Directions: Your answer is the lines below, exactly, from the one that contains "Would you be" through the one that contains "3) boat shoe [297,277,351,346]", both included.

+++

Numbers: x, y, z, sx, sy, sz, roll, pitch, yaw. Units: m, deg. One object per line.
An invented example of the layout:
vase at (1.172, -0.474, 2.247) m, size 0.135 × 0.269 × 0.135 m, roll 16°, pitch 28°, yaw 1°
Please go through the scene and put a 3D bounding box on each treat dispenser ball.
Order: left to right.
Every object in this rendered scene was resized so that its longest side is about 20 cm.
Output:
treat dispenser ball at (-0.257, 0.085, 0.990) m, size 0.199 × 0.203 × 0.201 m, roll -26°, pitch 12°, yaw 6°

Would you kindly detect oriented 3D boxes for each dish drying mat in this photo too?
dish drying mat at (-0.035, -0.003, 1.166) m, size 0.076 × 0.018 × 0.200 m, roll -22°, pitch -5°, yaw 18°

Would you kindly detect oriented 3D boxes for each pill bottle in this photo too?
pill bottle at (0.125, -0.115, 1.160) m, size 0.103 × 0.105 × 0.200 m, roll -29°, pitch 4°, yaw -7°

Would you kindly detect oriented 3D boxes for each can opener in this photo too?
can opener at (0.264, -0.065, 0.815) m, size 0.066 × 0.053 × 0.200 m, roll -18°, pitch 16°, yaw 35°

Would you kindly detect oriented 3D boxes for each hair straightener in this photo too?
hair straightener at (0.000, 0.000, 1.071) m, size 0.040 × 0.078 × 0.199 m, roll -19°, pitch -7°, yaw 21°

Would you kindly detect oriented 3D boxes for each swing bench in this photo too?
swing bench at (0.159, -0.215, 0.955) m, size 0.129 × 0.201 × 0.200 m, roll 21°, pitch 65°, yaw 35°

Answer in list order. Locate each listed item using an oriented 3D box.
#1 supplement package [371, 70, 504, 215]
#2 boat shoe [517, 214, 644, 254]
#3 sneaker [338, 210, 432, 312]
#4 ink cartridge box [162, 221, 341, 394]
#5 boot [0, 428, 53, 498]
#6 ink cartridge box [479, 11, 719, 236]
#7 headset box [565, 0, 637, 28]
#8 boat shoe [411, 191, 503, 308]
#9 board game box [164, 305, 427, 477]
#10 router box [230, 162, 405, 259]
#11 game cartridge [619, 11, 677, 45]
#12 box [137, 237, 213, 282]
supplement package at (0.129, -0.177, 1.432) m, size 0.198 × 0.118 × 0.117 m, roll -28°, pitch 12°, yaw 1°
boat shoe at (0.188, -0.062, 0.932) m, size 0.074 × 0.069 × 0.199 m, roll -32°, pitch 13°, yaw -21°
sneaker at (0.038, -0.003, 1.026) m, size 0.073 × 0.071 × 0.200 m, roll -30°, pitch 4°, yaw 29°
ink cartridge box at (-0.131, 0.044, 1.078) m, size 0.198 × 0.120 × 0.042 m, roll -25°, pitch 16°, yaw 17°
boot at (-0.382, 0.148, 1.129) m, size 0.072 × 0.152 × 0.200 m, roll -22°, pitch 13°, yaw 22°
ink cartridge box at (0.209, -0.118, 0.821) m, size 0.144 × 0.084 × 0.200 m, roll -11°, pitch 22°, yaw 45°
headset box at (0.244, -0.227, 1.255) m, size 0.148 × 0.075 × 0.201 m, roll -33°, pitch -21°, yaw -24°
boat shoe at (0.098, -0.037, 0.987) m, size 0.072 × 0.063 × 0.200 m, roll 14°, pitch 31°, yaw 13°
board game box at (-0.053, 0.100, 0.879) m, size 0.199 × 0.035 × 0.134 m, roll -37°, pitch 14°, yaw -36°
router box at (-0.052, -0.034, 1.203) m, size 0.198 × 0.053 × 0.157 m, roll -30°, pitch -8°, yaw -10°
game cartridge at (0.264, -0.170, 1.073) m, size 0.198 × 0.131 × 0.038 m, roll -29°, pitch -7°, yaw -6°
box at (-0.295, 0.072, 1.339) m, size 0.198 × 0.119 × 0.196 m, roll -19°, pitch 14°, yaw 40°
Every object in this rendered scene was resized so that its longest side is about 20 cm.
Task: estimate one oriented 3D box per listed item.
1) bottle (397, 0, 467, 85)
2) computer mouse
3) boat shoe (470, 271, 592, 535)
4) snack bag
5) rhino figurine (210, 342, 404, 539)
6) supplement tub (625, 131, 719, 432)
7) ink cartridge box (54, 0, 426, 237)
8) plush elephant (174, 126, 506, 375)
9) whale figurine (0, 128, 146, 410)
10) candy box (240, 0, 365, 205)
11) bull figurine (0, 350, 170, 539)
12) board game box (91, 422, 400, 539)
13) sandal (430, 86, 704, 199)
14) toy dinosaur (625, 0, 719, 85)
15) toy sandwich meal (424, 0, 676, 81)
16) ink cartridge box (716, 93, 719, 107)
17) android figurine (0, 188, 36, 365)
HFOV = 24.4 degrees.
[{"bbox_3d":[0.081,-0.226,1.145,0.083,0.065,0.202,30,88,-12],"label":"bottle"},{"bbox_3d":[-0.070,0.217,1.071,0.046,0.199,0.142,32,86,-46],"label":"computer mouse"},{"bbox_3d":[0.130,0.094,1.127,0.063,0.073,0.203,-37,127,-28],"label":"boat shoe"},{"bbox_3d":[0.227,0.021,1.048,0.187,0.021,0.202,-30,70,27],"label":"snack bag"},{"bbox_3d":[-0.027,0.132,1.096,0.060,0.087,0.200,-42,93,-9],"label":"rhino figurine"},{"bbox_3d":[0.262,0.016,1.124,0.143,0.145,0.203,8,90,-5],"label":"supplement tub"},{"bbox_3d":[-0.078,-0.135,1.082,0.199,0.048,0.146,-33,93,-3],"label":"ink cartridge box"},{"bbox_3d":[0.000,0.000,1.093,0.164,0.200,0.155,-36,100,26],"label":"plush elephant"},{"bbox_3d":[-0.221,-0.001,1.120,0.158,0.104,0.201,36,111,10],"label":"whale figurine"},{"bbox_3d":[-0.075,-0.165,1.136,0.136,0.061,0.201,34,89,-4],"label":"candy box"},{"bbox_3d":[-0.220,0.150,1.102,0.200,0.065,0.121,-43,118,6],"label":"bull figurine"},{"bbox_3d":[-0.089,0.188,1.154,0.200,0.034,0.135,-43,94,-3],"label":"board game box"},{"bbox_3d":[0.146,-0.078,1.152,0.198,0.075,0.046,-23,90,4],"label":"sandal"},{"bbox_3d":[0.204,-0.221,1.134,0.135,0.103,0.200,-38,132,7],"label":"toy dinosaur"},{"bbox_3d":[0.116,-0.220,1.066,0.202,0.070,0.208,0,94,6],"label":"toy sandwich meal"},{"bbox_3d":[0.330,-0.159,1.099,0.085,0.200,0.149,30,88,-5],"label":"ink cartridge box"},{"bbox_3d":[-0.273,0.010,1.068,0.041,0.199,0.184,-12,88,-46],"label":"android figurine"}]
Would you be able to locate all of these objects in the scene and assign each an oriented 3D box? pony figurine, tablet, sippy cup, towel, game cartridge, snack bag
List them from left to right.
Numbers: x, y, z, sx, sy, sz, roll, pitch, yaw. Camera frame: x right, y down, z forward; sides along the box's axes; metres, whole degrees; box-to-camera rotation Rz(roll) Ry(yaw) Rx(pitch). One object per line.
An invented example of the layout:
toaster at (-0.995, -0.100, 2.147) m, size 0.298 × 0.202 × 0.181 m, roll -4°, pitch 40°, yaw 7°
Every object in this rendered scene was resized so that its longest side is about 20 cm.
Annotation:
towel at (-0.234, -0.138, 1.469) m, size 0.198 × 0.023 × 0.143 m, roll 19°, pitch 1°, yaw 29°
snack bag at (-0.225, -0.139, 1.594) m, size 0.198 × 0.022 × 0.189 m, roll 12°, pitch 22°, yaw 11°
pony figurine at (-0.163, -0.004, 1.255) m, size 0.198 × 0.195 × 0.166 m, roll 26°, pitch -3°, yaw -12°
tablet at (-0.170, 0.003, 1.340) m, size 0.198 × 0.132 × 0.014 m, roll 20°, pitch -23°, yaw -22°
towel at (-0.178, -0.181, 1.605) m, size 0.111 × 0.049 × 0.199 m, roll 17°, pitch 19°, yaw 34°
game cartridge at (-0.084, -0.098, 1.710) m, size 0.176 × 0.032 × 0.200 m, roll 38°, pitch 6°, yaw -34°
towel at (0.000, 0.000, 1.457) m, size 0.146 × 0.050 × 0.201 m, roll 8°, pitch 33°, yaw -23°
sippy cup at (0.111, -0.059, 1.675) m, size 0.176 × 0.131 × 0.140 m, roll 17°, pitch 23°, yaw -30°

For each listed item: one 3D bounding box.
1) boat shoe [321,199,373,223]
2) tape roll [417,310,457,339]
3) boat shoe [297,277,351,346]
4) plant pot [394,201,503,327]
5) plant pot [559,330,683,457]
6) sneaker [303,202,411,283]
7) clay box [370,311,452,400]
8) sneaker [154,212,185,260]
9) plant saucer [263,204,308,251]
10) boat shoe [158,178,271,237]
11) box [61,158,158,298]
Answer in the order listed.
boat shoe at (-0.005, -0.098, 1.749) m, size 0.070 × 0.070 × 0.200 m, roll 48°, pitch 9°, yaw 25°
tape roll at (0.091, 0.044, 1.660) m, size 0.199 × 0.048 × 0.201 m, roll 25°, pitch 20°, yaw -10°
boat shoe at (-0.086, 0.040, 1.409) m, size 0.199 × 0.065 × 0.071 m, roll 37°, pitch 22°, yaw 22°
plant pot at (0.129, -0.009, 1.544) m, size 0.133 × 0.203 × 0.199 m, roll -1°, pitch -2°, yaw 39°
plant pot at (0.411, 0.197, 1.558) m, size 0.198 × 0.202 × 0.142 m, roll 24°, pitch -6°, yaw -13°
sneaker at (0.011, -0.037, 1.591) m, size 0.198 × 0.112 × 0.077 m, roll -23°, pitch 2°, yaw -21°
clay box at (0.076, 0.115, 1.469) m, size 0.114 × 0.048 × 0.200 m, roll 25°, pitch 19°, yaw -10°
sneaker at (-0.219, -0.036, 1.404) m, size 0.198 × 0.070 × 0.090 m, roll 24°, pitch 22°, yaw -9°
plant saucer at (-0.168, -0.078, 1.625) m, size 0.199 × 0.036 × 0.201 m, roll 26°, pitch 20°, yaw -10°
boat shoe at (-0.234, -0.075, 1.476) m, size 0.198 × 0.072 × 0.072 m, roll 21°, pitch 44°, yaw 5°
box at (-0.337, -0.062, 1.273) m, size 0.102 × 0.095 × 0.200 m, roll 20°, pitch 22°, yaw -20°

+++

Solution to this problem:
Would you be able to locate all of these objects in the scene and assign each an oriented 3D box? pony figurine, tablet, sippy cup, towel, game cartridge, snack bag
List them from left to right.
Numbers: x, y, z, sx, sy, sz, roll, pitch, yaw. Camera frame: x right, y down, z forward; sides along the box's axes; metres, whole degrees; box-to-camera rotation Rz(roll) Ry(yaw) Rx(pitch). One object per line.
An invented example of the layout:
toaster at (-0.995, -0.100, 2.147) m, size 0.298 × 0.202 × 0.181 m, roll -4°, pitch 40°, yaw 7°
Every object in this rendered scene was resized so that its longest side is about 20 cm.
Annotation:
towel at (-0.234, -0.138, 1.469) m, size 0.198 × 0.023 × 0.143 m, roll 19°, pitch 1°, yaw 29°
snack bag at (-0.225, -0.139, 1.594) m, size 0.198 × 0.022 × 0.189 m, roll 12°, pitch 22°, yaw 11°
pony figurine at (-0.163, -0.004, 1.255) m, size 0.198 × 0.195 × 0.166 m, roll 26°, pitch -3°, yaw -12°
tablet at (-0.170, 0.003, 1.340) m, size 0.198 × 0.132 × 0.014 m, roll 20°, pitch -23°, yaw -22°
towel at (-0.178, -0.181, 1.605) m, size 0.111 × 0.049 × 0.199 m, roll 17°, pitch 19°, yaw 34°
game cartridge at (-0.084, -0.098, 1.710) m, size 0.176 × 0.032 × 0.200 m, roll 38°, pitch 6°, yaw -34°
towel at (0.000, 0.000, 1.457) m, size 0.146 × 0.050 × 0.201 m, roll 8°, pitch 33°, yaw -23°
sippy cup at (0.111, -0.059, 1.675) m, size 0.176 × 0.131 × 0.140 m, roll 17°, pitch 23°, yaw -30°

For each listed item: one 3D bounding box.
1) boat shoe [321,199,373,223]
2) tape roll [417,310,457,339]
3) boat shoe [297,277,351,346]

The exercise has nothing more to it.